Problem to work on: Please set down exactly the lines of the listing below from the line containing "text Ik heb" through the line containing "text Bedankt, mevrouw", both lines included, leaving out all other lines.

Input:
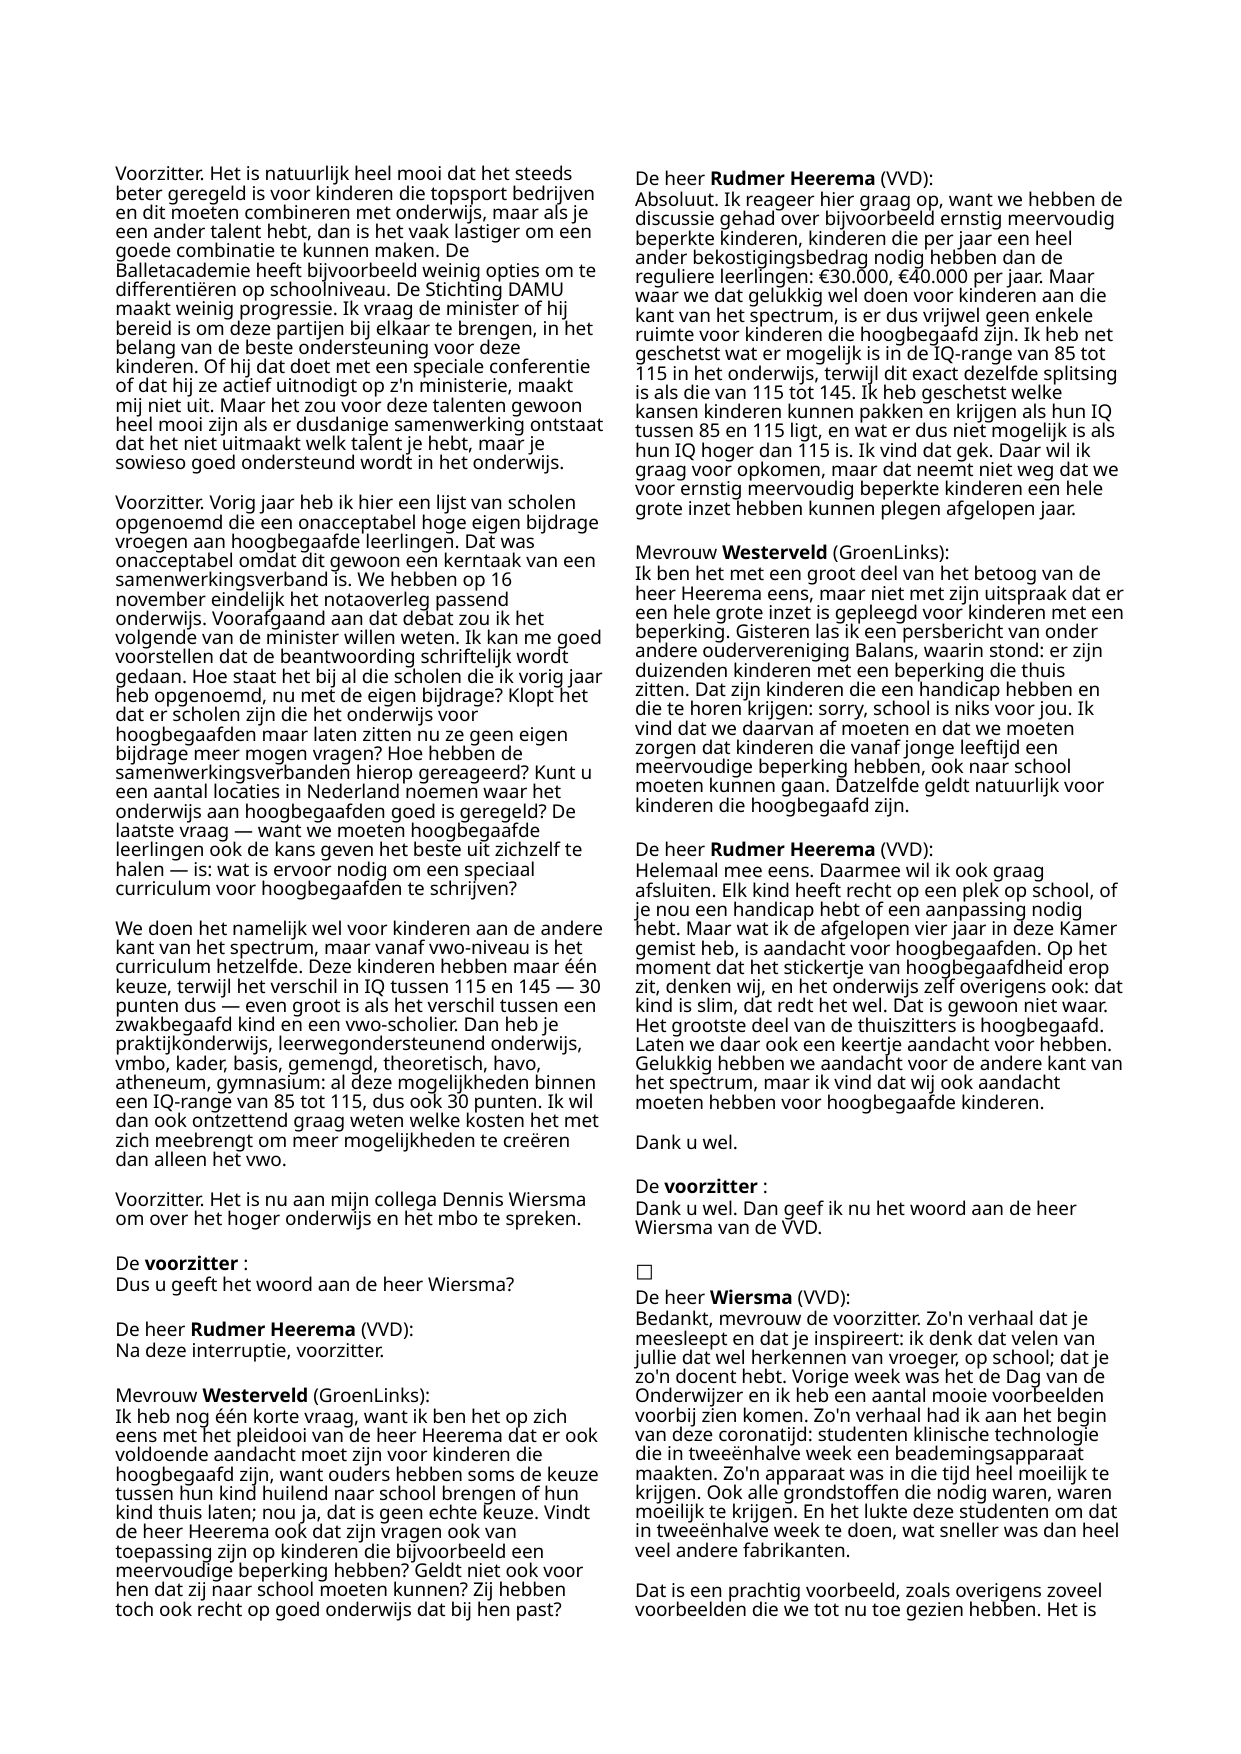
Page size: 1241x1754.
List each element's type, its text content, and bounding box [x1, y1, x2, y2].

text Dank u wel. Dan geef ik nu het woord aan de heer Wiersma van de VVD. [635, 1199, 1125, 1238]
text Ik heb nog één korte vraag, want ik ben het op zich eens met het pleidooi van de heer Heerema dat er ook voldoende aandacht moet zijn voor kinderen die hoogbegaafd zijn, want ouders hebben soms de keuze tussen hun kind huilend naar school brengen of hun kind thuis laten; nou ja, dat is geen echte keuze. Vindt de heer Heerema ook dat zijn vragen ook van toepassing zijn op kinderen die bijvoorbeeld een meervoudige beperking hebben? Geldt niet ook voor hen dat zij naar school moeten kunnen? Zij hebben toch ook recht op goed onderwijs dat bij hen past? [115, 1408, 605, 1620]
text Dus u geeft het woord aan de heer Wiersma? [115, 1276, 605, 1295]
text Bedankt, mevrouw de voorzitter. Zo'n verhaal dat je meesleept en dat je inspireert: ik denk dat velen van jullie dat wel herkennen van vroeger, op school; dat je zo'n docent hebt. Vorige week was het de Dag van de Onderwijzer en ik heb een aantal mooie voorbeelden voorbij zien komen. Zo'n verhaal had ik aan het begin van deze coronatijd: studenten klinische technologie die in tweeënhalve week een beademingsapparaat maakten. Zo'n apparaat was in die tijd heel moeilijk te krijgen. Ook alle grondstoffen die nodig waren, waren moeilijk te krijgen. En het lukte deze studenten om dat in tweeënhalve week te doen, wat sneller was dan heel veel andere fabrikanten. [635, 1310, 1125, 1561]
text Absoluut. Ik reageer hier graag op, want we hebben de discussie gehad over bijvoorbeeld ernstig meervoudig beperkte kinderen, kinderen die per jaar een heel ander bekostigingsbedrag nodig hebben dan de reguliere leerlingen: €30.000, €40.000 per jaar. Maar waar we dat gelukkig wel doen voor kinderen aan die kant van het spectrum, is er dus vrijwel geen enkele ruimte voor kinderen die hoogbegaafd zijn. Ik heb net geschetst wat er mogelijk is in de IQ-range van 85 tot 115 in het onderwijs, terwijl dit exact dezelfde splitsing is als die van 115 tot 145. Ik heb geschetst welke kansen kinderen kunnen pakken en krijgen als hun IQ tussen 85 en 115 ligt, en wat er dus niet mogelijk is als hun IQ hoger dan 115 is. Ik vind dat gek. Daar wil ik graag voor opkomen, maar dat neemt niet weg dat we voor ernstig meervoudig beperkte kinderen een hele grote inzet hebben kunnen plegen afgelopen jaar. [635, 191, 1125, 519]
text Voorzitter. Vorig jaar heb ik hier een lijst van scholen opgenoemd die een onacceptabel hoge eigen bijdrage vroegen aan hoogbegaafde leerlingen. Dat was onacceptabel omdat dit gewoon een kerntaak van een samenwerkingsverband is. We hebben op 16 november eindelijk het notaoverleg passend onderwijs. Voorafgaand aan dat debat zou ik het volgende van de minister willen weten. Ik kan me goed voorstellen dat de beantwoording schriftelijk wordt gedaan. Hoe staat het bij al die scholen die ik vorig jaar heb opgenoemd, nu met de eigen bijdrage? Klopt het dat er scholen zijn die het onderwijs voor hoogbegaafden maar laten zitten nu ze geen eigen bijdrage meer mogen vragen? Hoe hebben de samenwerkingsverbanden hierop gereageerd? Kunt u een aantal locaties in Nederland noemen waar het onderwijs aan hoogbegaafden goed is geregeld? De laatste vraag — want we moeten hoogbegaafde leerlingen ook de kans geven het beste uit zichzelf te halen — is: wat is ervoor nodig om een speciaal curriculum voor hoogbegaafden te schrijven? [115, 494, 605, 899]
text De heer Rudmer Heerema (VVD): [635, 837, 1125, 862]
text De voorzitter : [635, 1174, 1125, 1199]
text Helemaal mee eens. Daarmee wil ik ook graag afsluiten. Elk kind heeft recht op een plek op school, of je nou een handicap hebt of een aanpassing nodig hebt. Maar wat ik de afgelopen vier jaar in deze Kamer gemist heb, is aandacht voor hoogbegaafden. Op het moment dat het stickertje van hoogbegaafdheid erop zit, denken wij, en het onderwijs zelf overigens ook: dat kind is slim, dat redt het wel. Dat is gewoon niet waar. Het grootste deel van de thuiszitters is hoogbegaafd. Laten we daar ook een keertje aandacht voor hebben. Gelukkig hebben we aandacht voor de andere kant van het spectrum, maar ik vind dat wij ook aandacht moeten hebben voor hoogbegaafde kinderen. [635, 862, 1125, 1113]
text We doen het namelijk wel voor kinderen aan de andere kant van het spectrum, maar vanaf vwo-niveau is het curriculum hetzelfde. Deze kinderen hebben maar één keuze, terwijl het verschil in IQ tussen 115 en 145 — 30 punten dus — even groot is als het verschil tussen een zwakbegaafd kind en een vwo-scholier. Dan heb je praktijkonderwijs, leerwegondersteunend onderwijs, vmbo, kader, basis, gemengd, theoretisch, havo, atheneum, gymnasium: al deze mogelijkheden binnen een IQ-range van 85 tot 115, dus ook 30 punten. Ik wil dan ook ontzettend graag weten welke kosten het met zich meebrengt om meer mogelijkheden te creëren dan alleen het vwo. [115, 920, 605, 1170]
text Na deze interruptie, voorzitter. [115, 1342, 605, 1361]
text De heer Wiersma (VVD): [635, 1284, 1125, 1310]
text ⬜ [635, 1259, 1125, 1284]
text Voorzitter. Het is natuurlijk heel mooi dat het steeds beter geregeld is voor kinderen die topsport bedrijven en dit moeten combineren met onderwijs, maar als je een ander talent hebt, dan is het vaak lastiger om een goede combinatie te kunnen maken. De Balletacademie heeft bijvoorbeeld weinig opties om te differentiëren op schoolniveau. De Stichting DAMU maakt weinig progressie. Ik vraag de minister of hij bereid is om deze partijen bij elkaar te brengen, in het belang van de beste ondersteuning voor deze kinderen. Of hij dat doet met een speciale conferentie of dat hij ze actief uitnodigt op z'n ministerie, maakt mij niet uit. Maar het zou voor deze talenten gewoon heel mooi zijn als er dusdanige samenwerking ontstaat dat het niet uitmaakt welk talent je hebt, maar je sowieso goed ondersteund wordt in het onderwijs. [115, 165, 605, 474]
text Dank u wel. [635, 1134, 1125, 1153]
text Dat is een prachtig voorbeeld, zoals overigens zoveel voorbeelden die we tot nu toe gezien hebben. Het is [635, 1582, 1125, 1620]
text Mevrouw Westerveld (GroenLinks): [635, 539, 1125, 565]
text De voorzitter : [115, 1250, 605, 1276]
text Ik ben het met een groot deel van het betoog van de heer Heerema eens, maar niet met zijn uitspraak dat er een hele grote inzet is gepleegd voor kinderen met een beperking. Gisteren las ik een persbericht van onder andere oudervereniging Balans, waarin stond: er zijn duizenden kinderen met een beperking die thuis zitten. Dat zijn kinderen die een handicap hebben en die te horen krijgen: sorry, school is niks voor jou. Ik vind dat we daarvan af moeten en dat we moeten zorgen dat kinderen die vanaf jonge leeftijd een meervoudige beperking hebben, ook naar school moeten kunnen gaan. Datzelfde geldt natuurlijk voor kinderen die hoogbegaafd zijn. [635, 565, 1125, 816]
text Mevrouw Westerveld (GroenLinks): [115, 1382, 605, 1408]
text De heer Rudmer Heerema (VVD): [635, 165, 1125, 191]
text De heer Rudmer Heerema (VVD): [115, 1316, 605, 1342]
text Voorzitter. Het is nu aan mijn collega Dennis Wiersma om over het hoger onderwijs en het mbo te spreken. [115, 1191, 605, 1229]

==

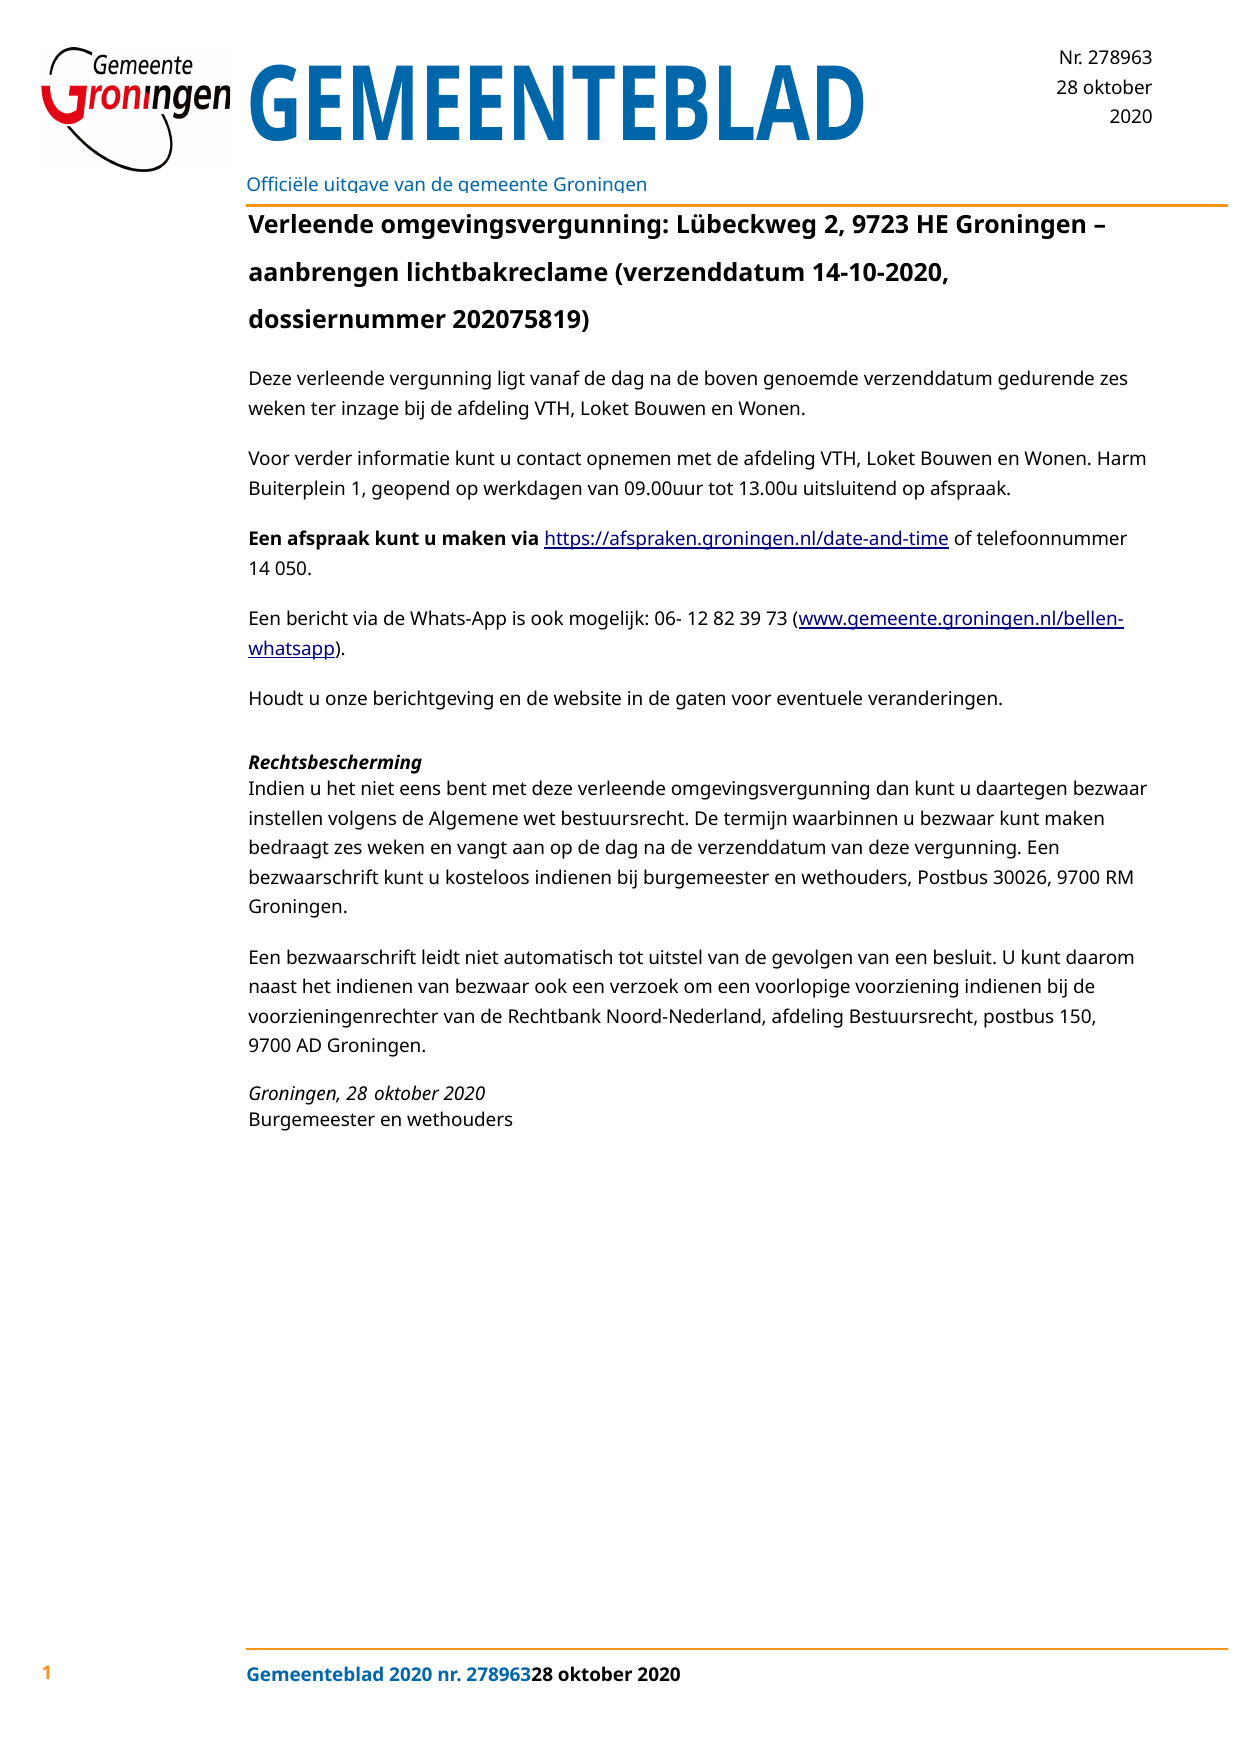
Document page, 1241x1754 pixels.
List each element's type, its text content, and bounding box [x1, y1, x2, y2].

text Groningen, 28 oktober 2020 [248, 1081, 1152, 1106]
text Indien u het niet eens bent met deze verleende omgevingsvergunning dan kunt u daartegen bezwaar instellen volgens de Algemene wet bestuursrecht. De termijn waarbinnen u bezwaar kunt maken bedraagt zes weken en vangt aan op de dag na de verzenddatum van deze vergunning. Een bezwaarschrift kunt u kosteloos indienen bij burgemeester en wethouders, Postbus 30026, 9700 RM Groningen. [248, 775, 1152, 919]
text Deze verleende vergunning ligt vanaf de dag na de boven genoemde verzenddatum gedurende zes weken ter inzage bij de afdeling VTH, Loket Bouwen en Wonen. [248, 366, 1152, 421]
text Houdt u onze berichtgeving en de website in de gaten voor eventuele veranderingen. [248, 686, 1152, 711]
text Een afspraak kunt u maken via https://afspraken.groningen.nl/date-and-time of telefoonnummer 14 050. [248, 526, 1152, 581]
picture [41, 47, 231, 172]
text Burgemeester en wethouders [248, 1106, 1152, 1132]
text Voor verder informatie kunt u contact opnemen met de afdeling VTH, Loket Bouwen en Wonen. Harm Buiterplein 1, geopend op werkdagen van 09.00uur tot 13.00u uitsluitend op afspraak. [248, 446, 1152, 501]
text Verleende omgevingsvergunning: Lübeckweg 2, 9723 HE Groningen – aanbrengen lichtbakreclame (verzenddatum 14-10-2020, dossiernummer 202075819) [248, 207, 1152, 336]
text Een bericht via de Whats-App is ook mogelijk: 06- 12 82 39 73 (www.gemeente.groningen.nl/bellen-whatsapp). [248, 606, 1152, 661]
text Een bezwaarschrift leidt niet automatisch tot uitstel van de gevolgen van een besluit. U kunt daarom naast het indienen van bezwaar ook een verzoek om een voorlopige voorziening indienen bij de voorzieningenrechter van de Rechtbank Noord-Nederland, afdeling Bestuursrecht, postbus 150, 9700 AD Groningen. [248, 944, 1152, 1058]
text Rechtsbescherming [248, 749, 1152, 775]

Written reply:
text Ik heb nog één korte vraag, want ik ben het op zich eens met het pleidooi van de heer Heerema dat er ook voldoende aandacht moet zijn voor kinderen die hoogbegaafd zijn, want ouders hebben soms de keuze tussen hun kind huilend naar school brengen of hun kind thuis laten; nou ja, dat is geen echte keuze. Vindt de heer Heerema ook dat zijn vragen ook van toepassing zijn op kinderen die bijvoorbeeld een meervoudige beperking hebben? Geldt niet ook voor hen dat zij naar school moeten kunnen? Zij hebben toch ook recht op goed onderwijs dat bij hen past? [115, 1408, 605, 1620]
text Dus u geeft het woord aan de heer Wiersma? [115, 1276, 605, 1295]
text Bedankt, mevrouw de voorzitter. Zo'n verhaal dat je meesleept en dat je inspireert: ik denk dat velen van jullie dat wel herkennen van vroeger, op school; dat je zo'n docent hebt. Vorige week was het de Dag van de Onderwijzer en ik heb een aantal mooie voorbeelden voorbij zien komen. Zo'n verhaal had ik aan het begin van deze coronatijd: studenten klinische technologie die in tweeënhalve week een beademingsapparaat maakten. Zo'n apparaat was in die tijd heel moeilijk te krijgen. Ook alle grondstoffen die nodig waren, waren moeilijk te krijgen. En het lukte deze studenten om dat in tweeënhalve week te doen, wat sneller was dan heel veel andere fabrikanten. [635, 1310, 1125, 1561]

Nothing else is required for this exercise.